I fastened the tape on and handed the glasses back to him. “Not perfect,” I apologized, “but maybe a little better for you.” He thanked me. “You buying?” I asked.

He again shook his head, no.

“You blew your whole check?”

With a shrug, he said he was sorry. “Kids in my pockets. Too.”

“Yesterday was the first of the month.”

“Mr. Wang.” He pointed out to the street and then motioned with his thumb to the left.

I nodded. The grocer cashed checks and held accounts for many of the people in the neighborhood, a banking function, which meant they were able to save back some money to buy groceries and spread out their booze and pill habits throughout the long month. They would go to Wang for “loans” against their accounts, and the grocery store made some money on a “service charge” which, more to Wang’s honor, was not exorbitant.

“Good. Smart of you,” I said to Lucien. I poured two shots of port and dug in my pocket for money to cover the cost. If he remembered, he’d flip me back some when he was flush again with a loan of his own money from Mr. Wang.

I saw Lucien reach for one of the glasses, but his hand shook so badly, I knew he would spill it all. This was a fairly usual event, not just for Lucien, in The Cove mornings. Men and women would dribble the first one down the shirt or blouse managing to get some of the calming but cursed liquid down their gullets. A couple shots more, and they steadied right out, and a few shots beyond those, and they were ready for another day on Pine Street.

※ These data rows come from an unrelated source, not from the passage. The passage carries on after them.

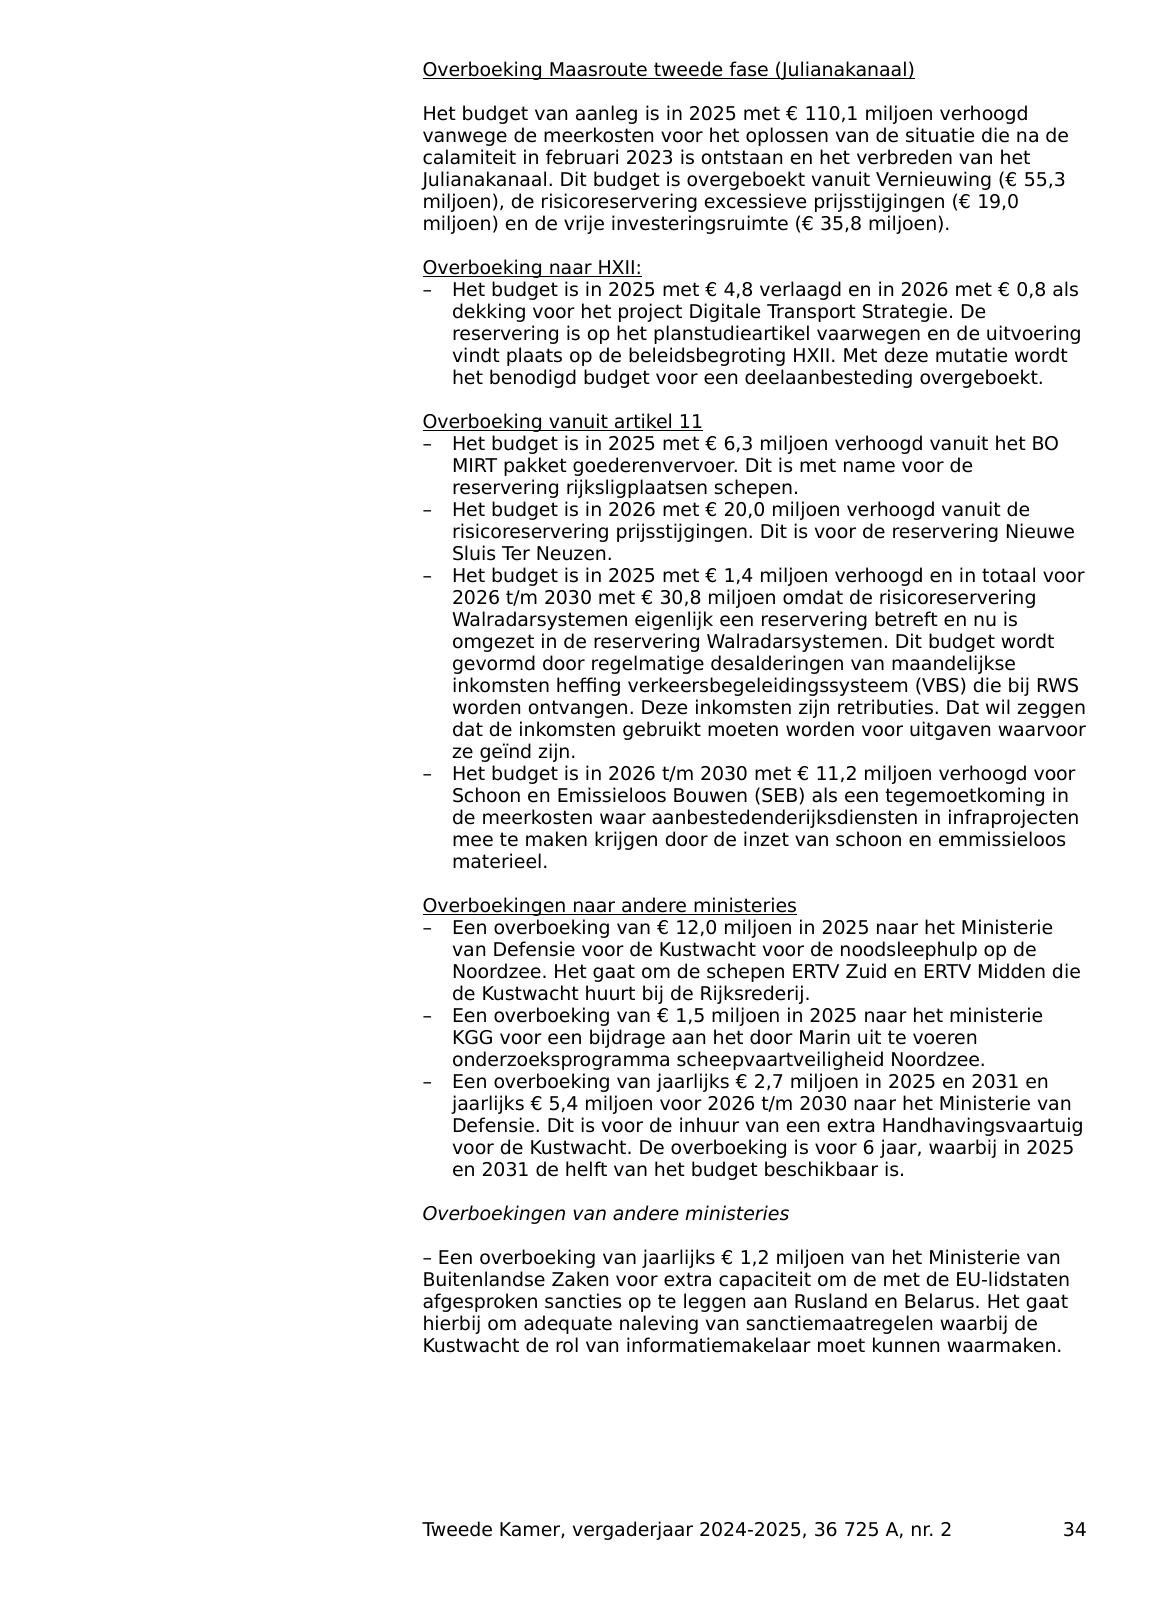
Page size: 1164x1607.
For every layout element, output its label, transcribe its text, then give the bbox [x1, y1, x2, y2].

text – Het budget is in 2025 met € 6,3 miljoen verhoogd vanuit het BO MIRT pakket goederenvervoer. Dit is met name voor de reservering rijksligplaatsen schepen. [422, 433, 1087, 499]
text – Een overboeking van jaarlijks € 1,2 miljoen van het Ministerie van Buitenlandse Zaken voor extra capaciteit om de met de EU-lidstaten afgesproken sancties op te leggen aan Rusland en Belarus. Het gaat hierbij om adequate naleving van sanctiemaatregelen waarbij de Kustwacht de rol van informatiemakelaar moet kunnen waarmaken. [422, 1247, 1087, 1357]
text – Een overboeking van € 1,5 miljoen in 2025 naar het ministerie KGG voor een bijdrage aan het door Marin uit te voeren onderzoeksprogramma scheepvaartveiligheid Noordzee. [422, 1005, 1087, 1071]
text – Het budget is in 2026 met € 20,0 miljoen verhoogd vanuit de risicoreservering prijsstijgingen. Dit is voor de reservering Nieuwe Sluis Ter Neuzen. [422, 499, 1087, 565]
subtitle Overboeking Maasroute tweede fase (Julianakanaal) [422, 59, 1087, 81]
text – Het budget is in 2025 met € 4,8 verlaagd en in 2026 met € 0,8 als dekking voor het project Digitale Transport Strategie. De reservering is op het planstudieartikel vaarwegen en de uitvoering vindt plaats op de beleidsbegroting HXII. Met deze mutatie wordt het benodigd budget voor een deelaanbesteding overgeboekt. [422, 279, 1087, 389]
subtitle Overboekingen van andere ministeries [422, 1203, 1087, 1225]
subtitle Overboeking naar HXII: [422, 257, 1087, 279]
text – Een overboeking van € 12,0 miljoen in 2025 naar het Ministerie van Defensie voor de Kustwacht voor de noodsleephulp op de Noordzee. Het gaat om de schepen ERTV Zuid en ERTV Midden die de Kustwacht huurt bij de Rijksrederij. [422, 917, 1087, 1005]
text – Het budget is in 2025 met € 1,4 miljoen verhoogd en in totaal voor 2026 t/m 2030 met € 30,8 miljoen omdat de risicoreservering Walradarsystemen eigenlijk een reservering betreft en nu is omgezet in de reservering Walradarsystemen. Dit budget wordt gevormd door regelmatige desalderingen van maandelijkse inkomsten heffing verkeersbegeleidingssysteem (VBS) die bij RWS worden ontvangen. Deze inkomsten zĳn retributies. Dat wil zeggen dat de inkomsten gebruikt moeten worden voor uitgaven waarvoor ze geïnd zĳn. [422, 565, 1087, 763]
text Het budget van aanleg is in 2025 met € 110,1 miljoen verhoogd vanwege de meerkosten voor het oplossen van de situatie die na de calamiteit in februari 2023 is ontstaan en het verbreden van het Julianakanaal. Dit budget is overgeboekt vanuit Vernieuwing (€ 55,3 miljoen), de risicoreservering excessieve prijsstijgingen (€ 19,0 miljoen) en de vrije investeringsruimte (€ 35,8 miljoen). [422, 103, 1087, 235]
text – Een overboeking van jaarlijks € 2,7 miljoen in 2025 en 2031 en jaarlijks € 5,4 miljoen voor 2026 t/m 2030 naar het Ministerie van Defensie. Dit is voor de inhuur van een extra Handhavingsvaartuig voor de Kustwacht. De overboeking is voor 6 jaar, waarbij in 2025 en 2031 de helft van het budget beschikbaar is. [422, 1071, 1087, 1181]
text – Het budget is in 2026 t/m 2030 met € 11,2 miljoen verhoogd voor Schoon en Emissieloos Bouwen (SEB) als een tegemoetkoming in de meerkosten waar aanbestedenderijksdiensten in infraprojecten mee te maken krijgen door de inzet van schoon en emmissieloos materieel. [422, 763, 1087, 873]
subtitle Overboeking vanuit artikel 11 [422, 411, 1087, 433]
subtitle Overboekingen naar andere ministeries [422, 895, 1087, 917]

I told him to hold very still. I lifted up the glass and poured half of it into his open mouth. I let him swallow which he did eagerly, and then I poured the rest. We went through the ritual one more time. “Now, coffee?” I asked. “Maybe a sausage?” I looked over at the new polish dogs I’d just spiked in the glassed rotisserie on the back bar. They were not cooked yet, but he could wait.

“Naw,” he said getting off the stool. “Gotta get my glasses fixed, got things to do.” He looked me straight in the face, which was a kind of thank you, really, and said, “Breakfast’s over.”